В первых рядах началась потасовка с ОМОНом. Вдруг кто-то взлетел над толпой и по плечам ринулся в самую гущу ОМОНа.
– Кудин, не бей пацанов, они не виноваты!.. – угадал я крик Носача, но не было уже сил обернуться на его голос.
– Пацанов не трону… Полкана замочу…
Высокая фуражка с трезубом летит под ноги толпе. Без неё ещё минуту назад бравый полковник становится плешивым потешным толстячком. Один за другим поплыли над людскими головами отнятые щиты. Омоновцы без боя покидают лестничные проёмы, понуро идут на выход.
– Где «полкан»?! Дайте мне его!.. – орёт Кудин.
Но полковник ловко растворился в толпе, и теперь его не найти.
– Молодцы, молодцы! Милиция с народом! – ликует толпа, провожая обезоруженный ОМОН.
Народ растекается по этажам, а мне вдруг обручем стягивает грудь; жадно хватая ртом воздух, вдоль стены пробираюсь к выходу. Свежий весенний ветер наполняет лёгкие, кружит голову. С крыши администрации, под ликующие возгласы людей, падает мне под ноги украинский флаг. Едва не оступившись, поднимаю к синему мартовскому небу лицо – на крыше областной администрации уже взвивается флаг России, из многочисленных окон неизвестные, но вдруг ставшими в одночасье родными мне люди машут российскими триколорами.

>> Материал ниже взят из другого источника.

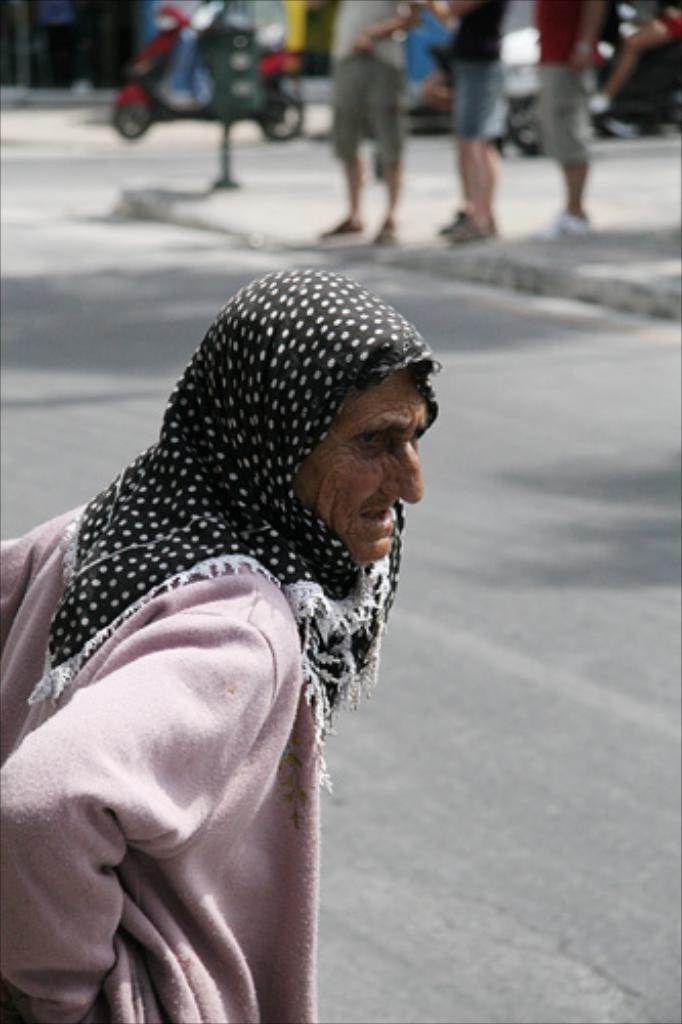What is the person on the left side of the image wearing? The person is wearing a jacket and a scarf. Can you describe the people at the top of the image? There are people visible at the top of the image. What else can be seen in the image besides people? There are vehicles, a pole, and a road in the image. Can you hear the grandmother sneezing in the image? There is no mention of a grandmother or sneezing in the image, so it cannot be heard. Is there a snake visible in the image? There is no snake present in the image.

– Рос-си-я! Рос-си-я! Рос-си-я! – восторженно скандирует многотысячная толпа.
«Началось!..» – радостно думаю я.
Ноги мои подкосились, и, чтоб не упасть, я сажусь на затоптанные холодные ступени. С обеих сторон меня обегают люди. Кто-то склонился надо мной.
– Вам плохо?
– Нет, теперь уже хорошо… – пытаюсь улыбнуться в ответ.
На невероятно низкой высоте, едва не цепляясь за крыши домов, включив форсаж, над площадью с диким рёвом проходят два украинских истребителя. Всех обдаёт горячим ветром, исходящим от реактивных моторов. От запредельного гула едва не вылетают ушные перепонки. Кто-то в панике шарахается к стене, другие, обхватив руками голову, приседают на месте.
– Что, испугались?! – разглаживая усы, смеётся бравый десантник. – Там такие ж ребята, как и мы – в народ стрелять не будут!